Biodegradable, pH-sensitive micelles of different shapes were synthesized via nanoprecipitation using two different triblock PEG-PBAE-PEG copolymers varying in their relative hydrophobicity. The anti-tumor efficacy of verteporfin loaded in these anisotropic and spherical micelles was evaluated in vitro using patient-derived primary GBM cells.

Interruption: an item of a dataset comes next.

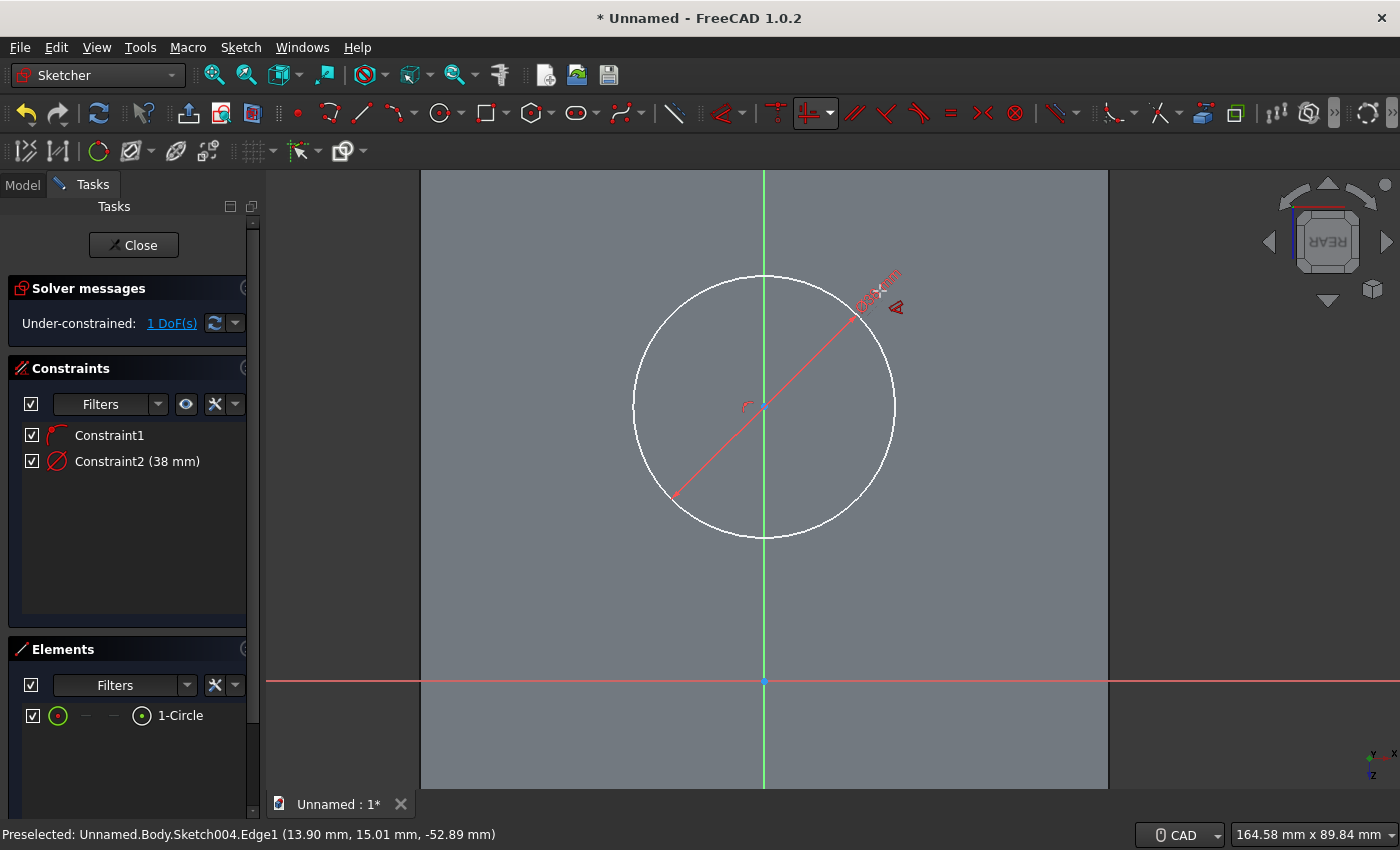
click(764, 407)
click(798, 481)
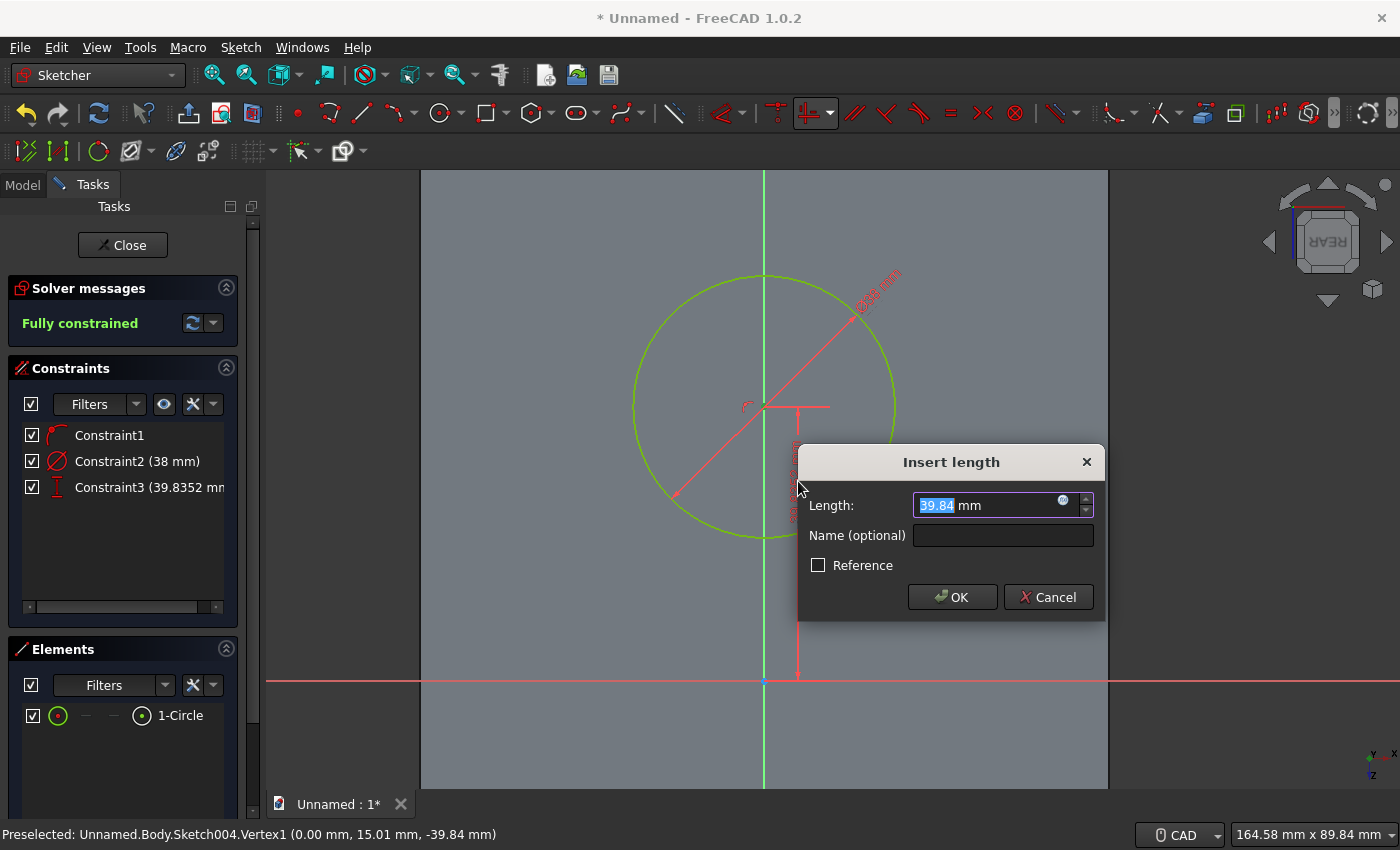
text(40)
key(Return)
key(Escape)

For anisotropic micelles, uptake efficiency was ~100% in GBM cells (GBM1A and JHGBM612) while only 46% in normal human astrocytes (NHA) at 15.6 nM VP (p ≤ 0.0001). Cell killing of GBM1A and JHGBM612 vs NHA was 52% and 77% vs 29%, respectively, at 24 hrs post-treatment of 125 nM VP-encapsulated in anisotropic micelles (p ≤ 0.0001), demonstrating the tumor cell-specific selectivity of VP. Moreover, anisotropic micelles showed an approximately fivefold longer half-life in blood circulation than the analogous spherical micelles in a GBM xenograft model in mice. In this model, micelle accumulation to tumors was significantly greater for anisotropic micelle-treated mice compared to spherical micelle-treated mice at both 8 hrs (~1.8-fold greater, p ≤ 0.001) and 24 hrs (~2.1-fold greater, p ≤ 0.0001).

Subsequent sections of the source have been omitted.